Vu les conclusions récapitulatives de Maître Thomas GIACCARDI, avocat-défenseur au nom de la C. sous l'enseigne « B. », en date du 26 juin 2023 ;

Après avoir entendu Maître Sophie MARQUET, avocat-défenseur près la Cour d'appel de Monaco, substituant Maître Stéphan PASTOR, avocat près la même Cour, pour Monsieur b. A., et Maître Grégoire GAMERDINGER, avocat-stagiaire, substituant Maître Thomas GIACCARDI, avocat-défenseur près la Cour d'appel de Monaco pour la C. sous l'enseigne « B. », en leurs plaidoiries à l'audience du 29 juin 2023 ;

Vu les pièces du dossier ;

Motifs

Monsieur b. A. a été embauché par la société en commandite simple C. sous l'enseigne commerciale « B. » en qualité de Coiffeur par un contrat à durée indéterminée à compter du 1er juillet 2018. Il a été licencié sur le fondement de l'article 6 de la loi n° 729 du 16 mars 1963.

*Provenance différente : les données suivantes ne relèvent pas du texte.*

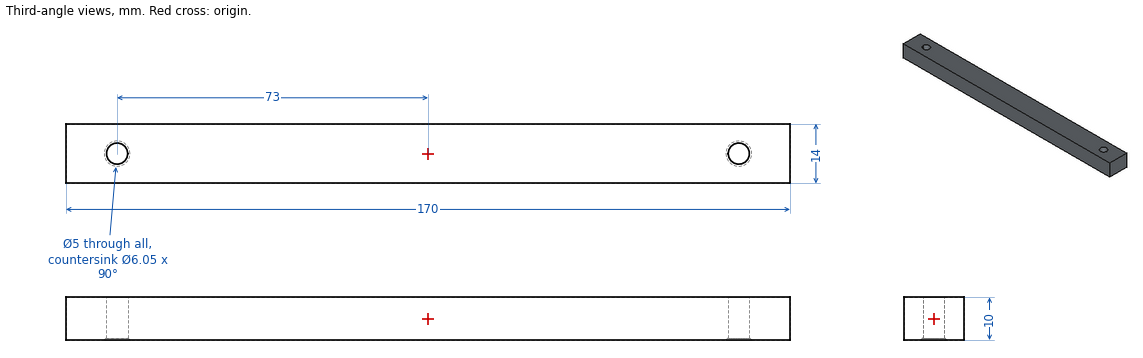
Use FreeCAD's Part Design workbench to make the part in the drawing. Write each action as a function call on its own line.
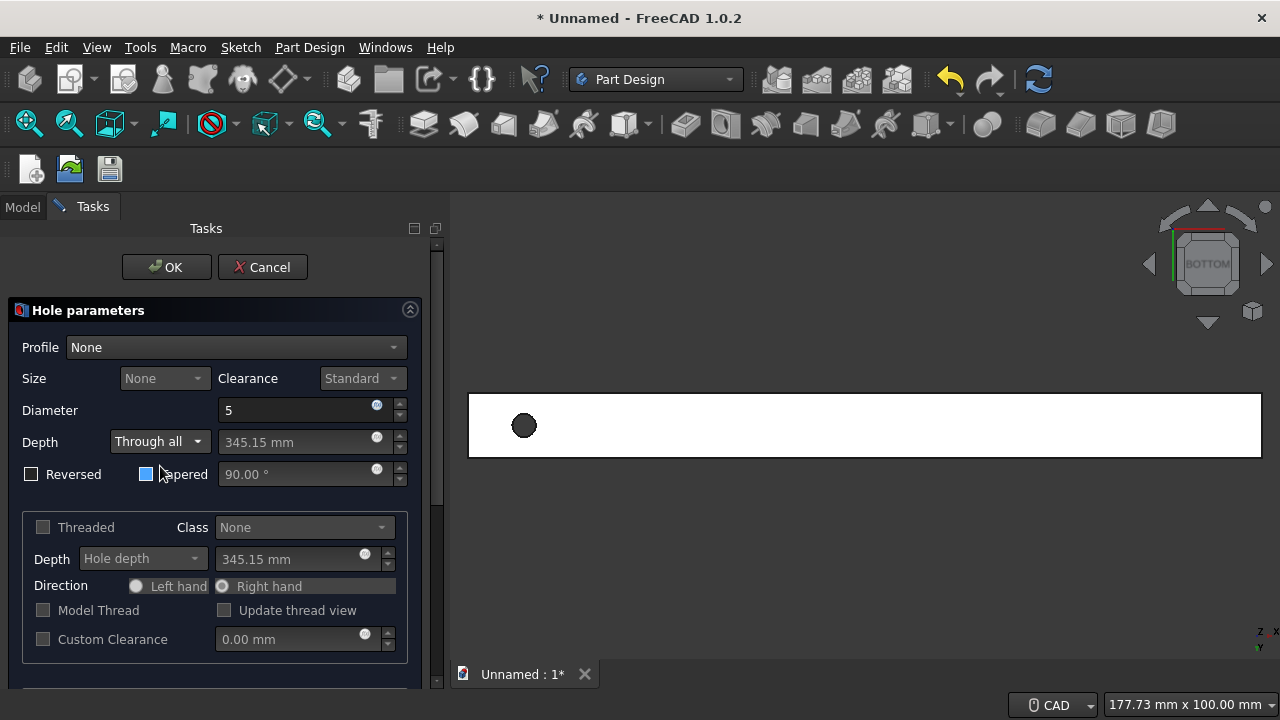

Monsieur b. A. a saisi le Tribunal du travail par requête reçue le 26 avril 2022, afin d'obtenir :

* • 25.000 euros de dommages et intérêts pour licenciement abusif en son principe et sa mise en œuvre en indemnisation du préjudice moral et matériel,

* • 5.315,28 euros brut d'indemnité de préavis,

* • 2.657,64 euros de dommages et intérêts pour violation du droit de repos,

* • 10.000 euros au titre des frais irrépétibles,

* • les intérêts légaux,

* • la remise de la documentation sociale rectifiée sous astreinte de 200 euros par jour de retard,

* • l'exécution provisoire,

* • les dépens.

À défaut de conciliation l'affaire était renvoyée devant le Bureau de Jugement.

Par conclusions récapitulatives du 7 juin 2023, Monsieur b. A. sollicite la nullité de la pièce adverse n° 6 et la communication du registre du personnel, il ne sollicite plus de dédommagement pour violation du droit de repos. Il fait valoir, ainsi qu'à l'audience de plaidoirie, pour l'essentiel que :

* • le licenciement est en réalité fondé sur une suppression de poste, Monsieur b. A. n'ayant jamais été remplacé,

* • en éludant les dispositions relatives au licenciement économique l'employeur a rompu abusivement le contrat de travail,

* • les prétendues embauches concernent en réalité des salariés déjà présents dans les effectifs au moment du licenciement,

* • les autres sont très éloignées de la date du licenciement,

* • le registre du personnel démontre que Monsieur b. A. n'a jamais été remplacé,

* • en outre, le licenciement a été mis en œuvre de manière abusive,

* • aucun exemplaire de sa lettre de licenciement ne lui a été remis,

* • il a été licencié le jour de son retour de congés, en fin de journée, de façon brutale et soudaine,

* • la lettre de licenciement n'a pas été établie dans une langue comprise par le salarié,

* • alors que la lettre de licenciement est datée du 31 mars 2021, il a été apposé de façon manuscrite la date du 26 février 2021,

* • Monsieur b. A. travaillait pourtant toujours postérieurement au 26 février,

* • l'employeur a privé le salarié de l'indemnité compensatrice de préavis en prétendant qu'il aurait demandé à solder ses congés payés durant cette période,

* • aucune preuve du prétendu accord du salarié n'est rapportée,

* • l'indemnité compensatrice de deux mois est en conséquence due,

* • les documents de fin de contrat ont été adressés tardivement,

* • l'employeur a perduré dans ses agissements fautifs, en imputant plus de deux mois après la rupture du contrat de travail des prétendus faits de vol à Monsieur b. A.,

* • le terrain disciplinaire n'a aucune incidence dans le cadre d'un licenciement sur le fondement de l'article 6,

* • Monsieur b. A. n'a pas retrouvé d'emploi et n'est plus indemnisé par Pôle Emploi depuis le 16 mai 2022,

* • la précarité financière de Monsieur b. A. exige que l'exécution provisoire soit ordonnée.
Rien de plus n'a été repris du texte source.